Cedar Rapids Museum of Art spotlights decorative arts

By Cindy Hadish

CEDAR RAPIDS – Works of art go beyond exquisite paintings and sensual sculptures.

Artwork also can possess a more utilitarian purpose, as evidenced in the Cedar Rapids Museum of Art’s “Taking Shape” exhibition.

More than 80 recent acquisitions from the museum’s own collection are showcased in two galleries to shine a spotlight on ceramics, glass, wood and metal decorative arts.

“It’s still being debated today,” Sean Ulmer, the museum’s interim executive director, said of the somewhat contentious distinction between crafts and decorative arts.

To Mr. Ulmer, though, there is no controversy.

“These are really exceptional pieces,” he said. “They are fine art.”

Visitors can make their own determination in viewing pieces such as Mat Rude’s white stoneware vase, a 2010 museum purchase.

Mr. Rude, a University of Iowa assistant ceramics professor, created exaggerated textures of both smooth and worn surfaces in the wood-fired vessel, which was initially thrown and then manipulated by hand.

Most of the artists, like Mr.

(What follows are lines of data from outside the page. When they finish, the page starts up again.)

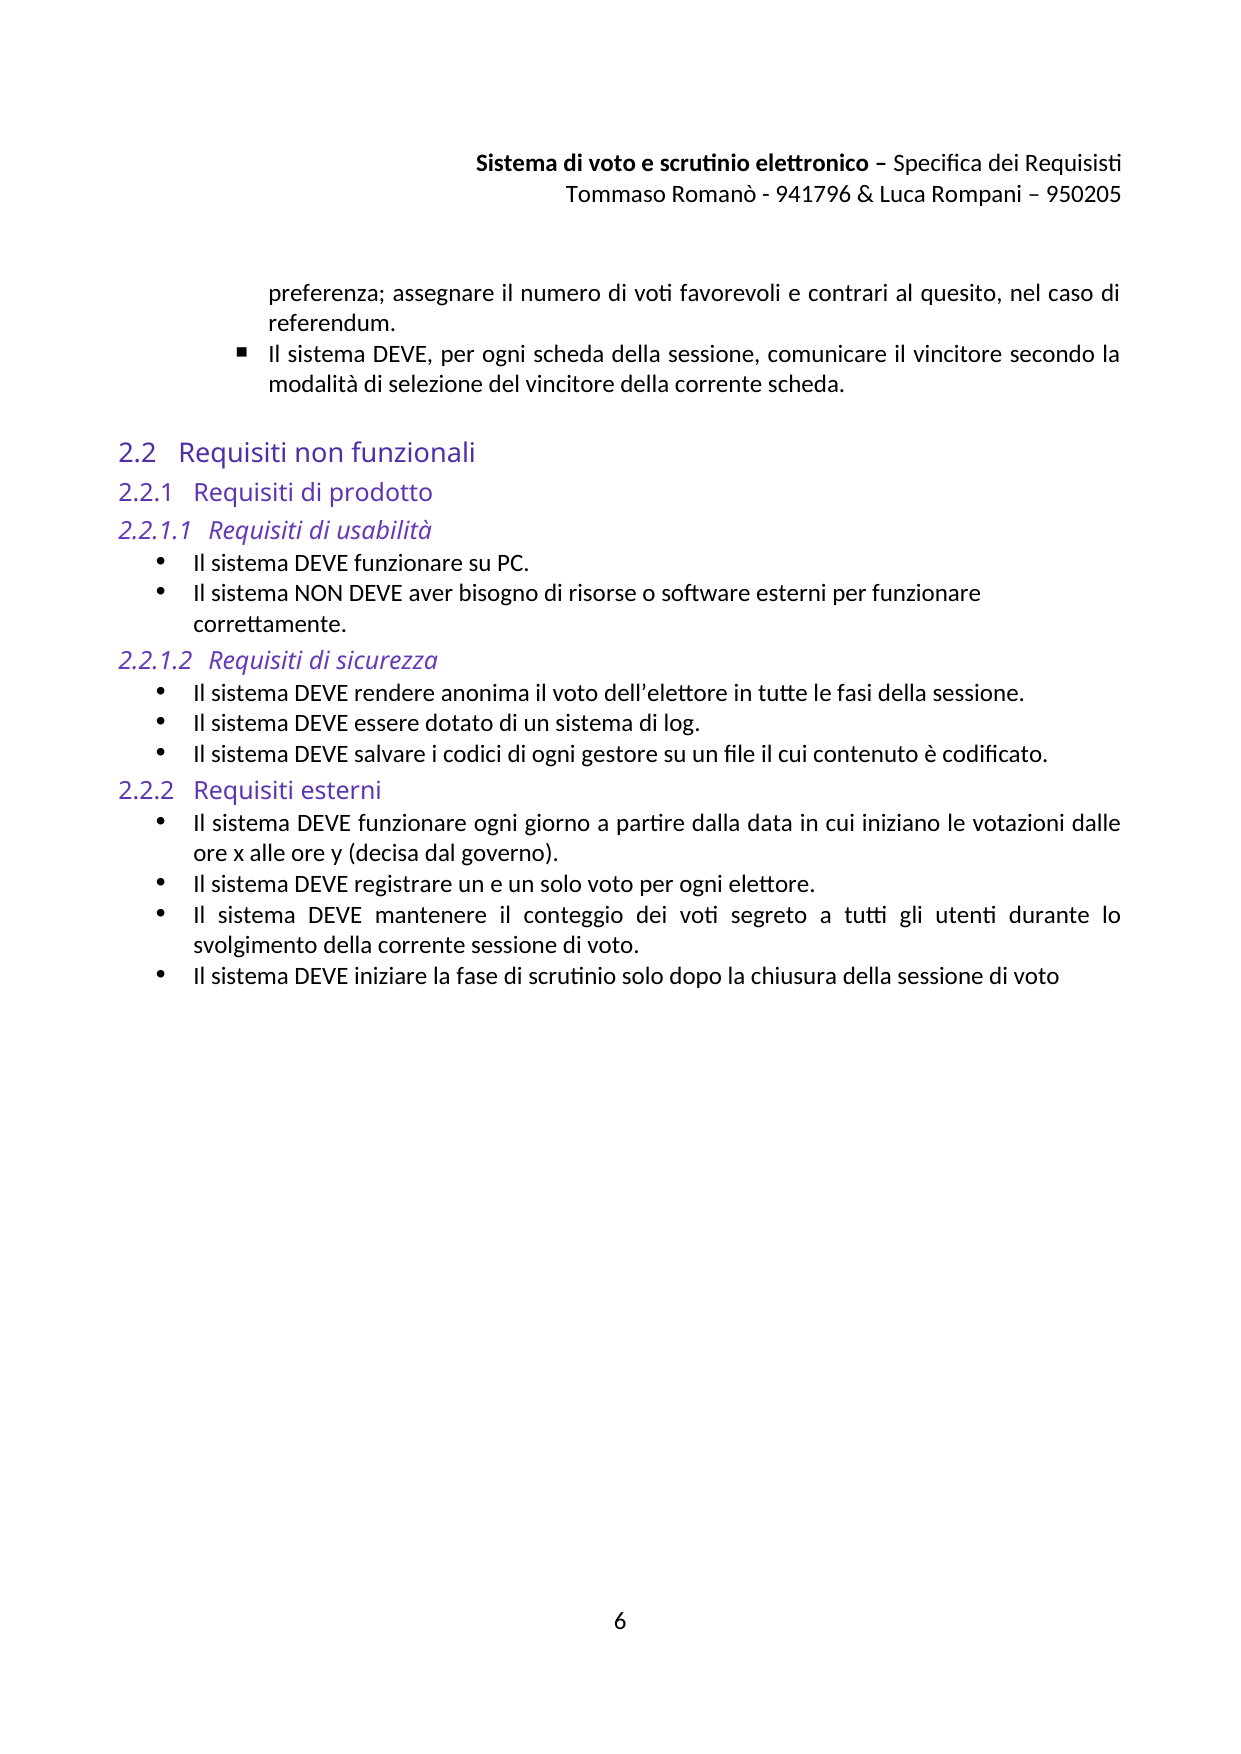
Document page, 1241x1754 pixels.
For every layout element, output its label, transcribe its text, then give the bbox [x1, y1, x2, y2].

list Il sistema DEVE iniziare la fase di scrutinio solo dopo la chiusura della sessione di voto [156, 960, 1122, 991]
list Il sistema DEVE rendere anonima il voto dell’elettore in tutte le fasi della sessione. [156, 677, 1122, 707]
list Il sistema DEVE funzionare ogni giorno a partire dalla data in cui iniziano le votazioni dalle ore x alle ore y (decisa dal governo). [156, 807, 1122, 868]
subtitle Requisiti di prodotto [118, 474, 1122, 509]
list Il sistema DEVE registrare un e un solo voto per ogni elettore. [156, 868, 1122, 899]
list Il sistema DEVE funzionare su PC. [156, 547, 1122, 577]
subtitle Requisiti non funzionali [118, 433, 1122, 470]
subtitle Requisiti di sicurezza [118, 643, 1122, 677]
list Il sistema DEVE mantenere il conteggio dei voti segreto a tutti gli utenti durante lo svolgimento della corrente sessione di voto. [156, 899, 1122, 960]
subtitle Requisiti esterni [118, 773, 1122, 807]
list Il sistema DEVE salvare i codici di ogni gestore su un file il cui contenuto è codificato. [156, 738, 1122, 769]
subtitle Requisiti di usabilità [118, 513, 1122, 547]
list Il sistema DEVE, per ogni scheda della sessione, comunicare il vincitore secondo la modalità di selezione del vincitore della corrente scheda. [231, 338, 1122, 399]
list Il sistema DEVE essere dotato di un sistema di log. [156, 707, 1122, 738]
list preferenza; assegnare il numero di voti favorevoli e contrari al quesito, nel caso di referendum. [231, 277, 1122, 338]
list Il sistema NON DEVE aver bisogno di risorse o software esterni per funzionare correttamente. [156, 577, 1122, 639]

Rude, are local or regional living artists, with a notable exception for the most well-known among the group: Grant Wood. The legendary Iowan artist died in 1942.

Three pieces by Mr. Wood are included in the exhibit, including a metal bowl, created about 1914 or 1915, which the museum purchased at an auction.

Mr. Ulmer noted that Mr. Wood began his career as a metalsmith; he founded his own business in Chicago named Volund Shop, after the Norse god of silversmiths, that produced handmade gold and silver wares and jewelry. Because of World War I and the decline in interest in luxury items, however, the shop went out of business after 18 months, he said.

Fireplace andirons created in about 1925, a gift from Joe Hladky, and a wrought iron candle stand lamp from about 1920 that Mr. Wood created, also are on display.

Though less known to the public, Mr. Ulmer said other artists whose work is exhibited in Taking Shape are respected in their fields.

“If you’re in that field, you’ll know these people,” he said.

Steve Sinner of Bettendorf, for example, is Iowa’s premier wood turner, Mr. Ulmer said, with a national reputation. His Chairman Dances II is an optical illusion that appears as a woven pattern from a distance, but actually uses straight lines on wood.

Ely potter Clary Illian has had her work displayed previously at the museum, but said she is equally pleased to have her ceramics exhibited alongside pieces by fellow artists.

Working in her field since the 1960s, Ms. Illian said she has intentionally remained local and is grateful to have made a career out of her passion.

“I think things in Cedar Rapids are very healthy for the arts,” she said, citing as an example the Cherry Building in the New Bohemia neighborhood, which has become a business hub for local artists.

Ms. Illian has several pieces displayed in “Taking Shape,” including a stoneware plate, pot and vase donated by Don and Mary Lou Hattery.

Oak leaves reach over the edge of “Planter,” a round stoneware piece by Cedar Rapids artist Sharon Neff, which also was donated by the Hatterys.

About 500 of the museum’s collection of more than 7,000 pieces are decorative arts. Much of the work has been donated, but Mr. Ulmer noted that the museum is better able to purchase decorative art than paintings that can command millions of dollars.

“We can’t even begin to approach that amount,” he said. “The decorative arts are still within our reach. Our limited funds go much further in the decorative arts.”

Artists also have donated their work, including those through a program with the Ceramics Center of Cedar Rapids, in which several students have contributed pieces.

“You can’t go through this show, without walking away and saying, yes, craft is an art,” Mr. Ulmer said.